Ze leerde het vak grotendeels zelf en hielp Parijse vrouwen uit alle lagen van de bevolking bij de bevalling. Ook gaf ze hun advies en behandelingen op het gebied van verloskunde en gynaecologie, voordat ze in 1601 voor koningin Maria de' Medici ging werken. Bourgeois leverde met succes Lodewijk XIII van Frankrijk (1601) en zijn vijf koninklijke broers en zussen: Elizabeth, koningin van Spanje (1602); Christine Marie, hertogin van Savoye (1607); Nicolas Henri, hertog van Orléans (1607); Gaston, hertog van Orléans (1608); en Henrietta Maria, koningin van Engeland, koningin van Schotland en koningin van Ierland (1609). In 1609 publiceerde Bourgeois het eerste van drie opeenvolgende delen over verloskunde: Observations diverses sur la sterilité, perte de fruict, foecondite, accouchements et maladies des femmes et enfants nouveaux naiz / Amplement traictees et heureusement praticquees par L. Bourgeois dite Boursier (Diverse observaties over steriliteit, miskraam, vruchtbaarheid, bevalling en ziekten van vrouwen en pasgeboren kinderen ruimschoots behandeld en met succes geoefend). De volgende delen werden in 1617 en 1626 uitgegeven, ook in Parijs.

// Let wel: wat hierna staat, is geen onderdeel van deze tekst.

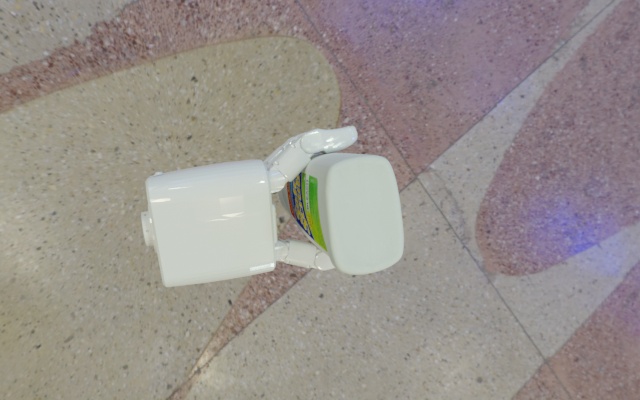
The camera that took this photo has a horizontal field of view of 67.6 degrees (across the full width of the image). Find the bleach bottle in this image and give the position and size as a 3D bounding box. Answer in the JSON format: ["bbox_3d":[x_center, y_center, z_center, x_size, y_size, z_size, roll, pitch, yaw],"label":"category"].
[{"bbox_3d":[0.000,0.002,0.507,0.068,0.102,0.251,-9,7,-17],"label":"bleach bottle"}]
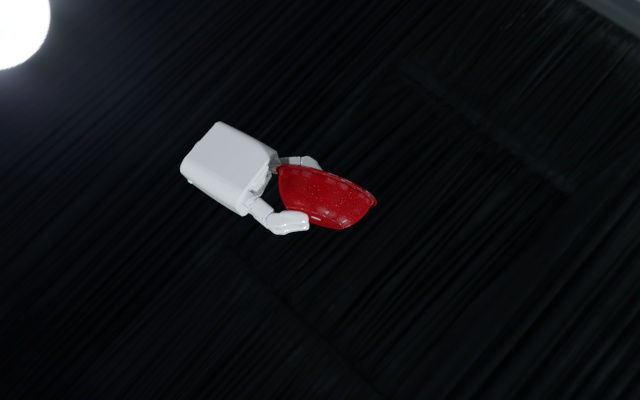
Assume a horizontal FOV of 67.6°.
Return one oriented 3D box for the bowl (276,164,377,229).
[{"bbox_3d":[0.001,0.003,0.720,0.162,0.055,0.162,18,-12,4],"label":"bowl"}]
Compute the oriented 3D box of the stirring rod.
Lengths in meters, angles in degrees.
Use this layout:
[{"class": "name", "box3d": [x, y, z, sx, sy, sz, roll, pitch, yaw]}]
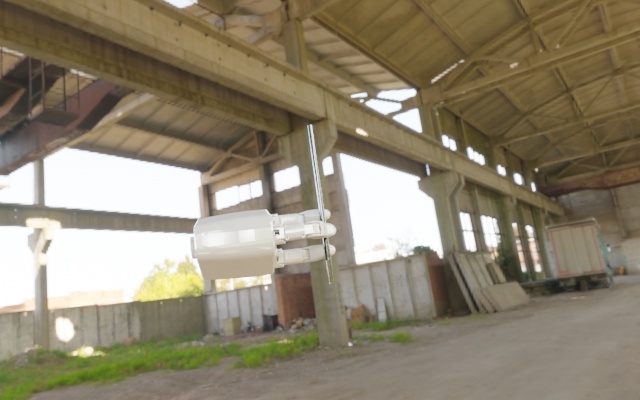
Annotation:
[{"class": "stirring rod", "box3d": [0.000, 0.002, 0.709, 0.011, 0.239, 0.011, -8, -11, -1]}]
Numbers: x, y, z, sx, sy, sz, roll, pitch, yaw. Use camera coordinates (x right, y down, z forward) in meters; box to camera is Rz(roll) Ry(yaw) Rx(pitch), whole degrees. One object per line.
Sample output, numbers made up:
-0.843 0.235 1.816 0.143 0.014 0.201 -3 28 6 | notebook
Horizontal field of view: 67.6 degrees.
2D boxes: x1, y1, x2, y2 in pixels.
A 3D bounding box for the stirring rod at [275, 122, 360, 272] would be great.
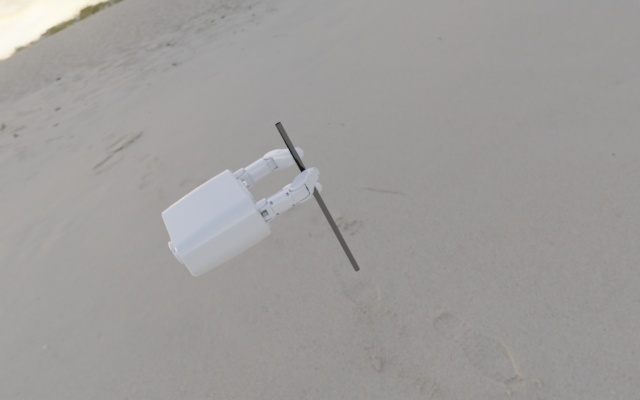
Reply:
0.000 0.002 0.636 0.011 0.240 0.011 -24 24 11 | stirring rod
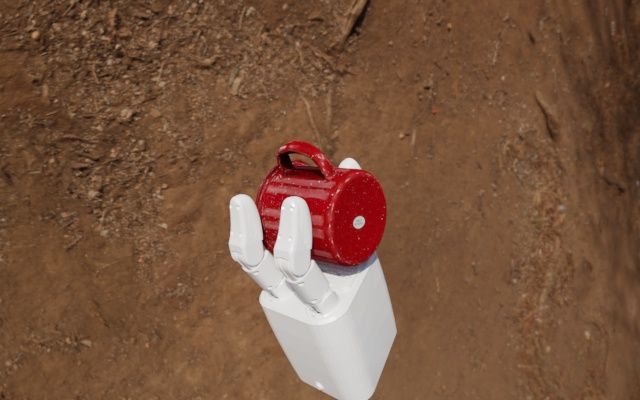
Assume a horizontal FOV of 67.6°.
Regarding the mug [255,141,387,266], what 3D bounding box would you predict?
[{"bbox_3d":[0.000,0.000,0.411,0.081,0.117,0.093,7,37,42],"label":"mug"}]
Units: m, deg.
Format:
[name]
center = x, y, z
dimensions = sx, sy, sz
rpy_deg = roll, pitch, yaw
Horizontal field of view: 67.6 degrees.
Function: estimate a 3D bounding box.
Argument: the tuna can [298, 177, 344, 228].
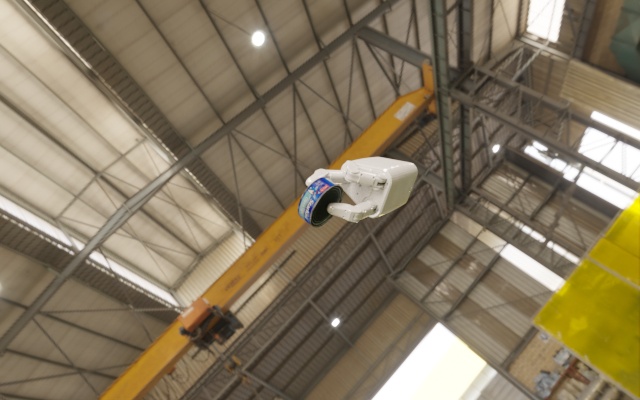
[tuna can]
center = 0.000, 0.002, 0.835
dimensions = 0.033, 0.086, 0.086
rpy_deg = 35, 17, 26
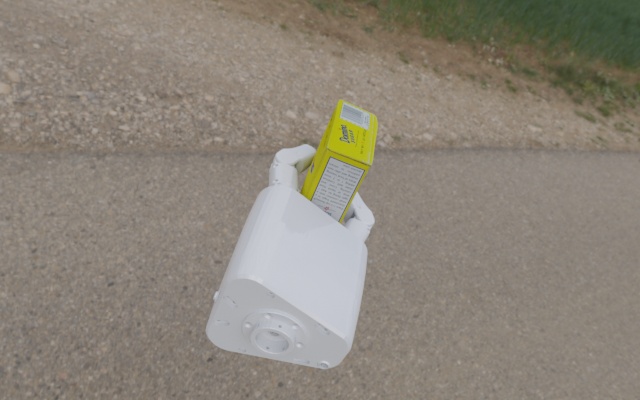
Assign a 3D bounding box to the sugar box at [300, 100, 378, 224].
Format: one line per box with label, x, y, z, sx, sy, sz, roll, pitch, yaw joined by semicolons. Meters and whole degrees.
sugar box;0.000;0.001;0.464;0.048;0.176;0.093;23;37;-6
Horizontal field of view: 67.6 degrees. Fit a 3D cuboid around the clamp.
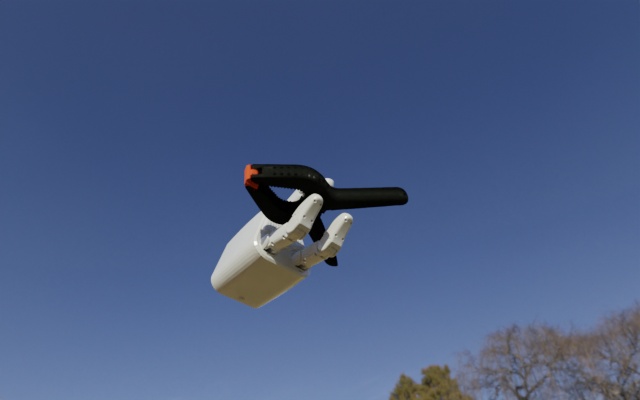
[{"bbox_3d":[-0.001,0.001,0.622,0.210,0.036,0.164,32,-59,-32],"label":"clamp"}]
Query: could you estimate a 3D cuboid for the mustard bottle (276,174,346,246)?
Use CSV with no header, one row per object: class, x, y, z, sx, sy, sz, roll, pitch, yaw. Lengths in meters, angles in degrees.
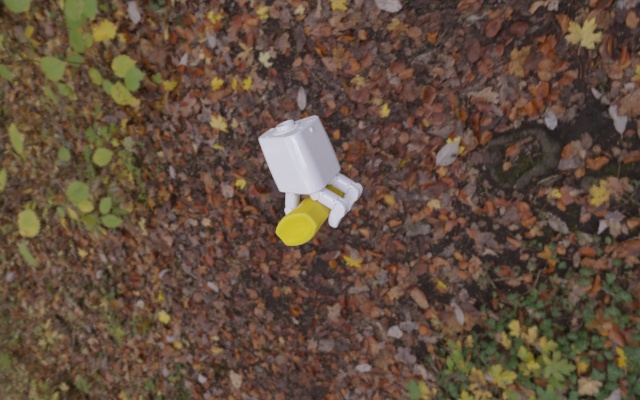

Haar publicaties omvatten innovatieve, op observatie gebaseerde verloskundige protocollen voor het begeleiden van moeilijke bevallingen, evenals advies voor zwangere vrouwen, moeders die net bevallen zijn en pasgeborenen. Bourgeois gaf ook recepten voor verschillende soorten medicijnen, die een vrouw eenvoudig zelf kon maken. In de drie delen staan meer dan veertig gedetailleerde voorbeelden uit de praktijk. Deze voorbeelden waren een belangrijke stap in de opkomst van het opkomende empirisme van de zeventiende-eeuwse Europese wetenschap en geneeskunde.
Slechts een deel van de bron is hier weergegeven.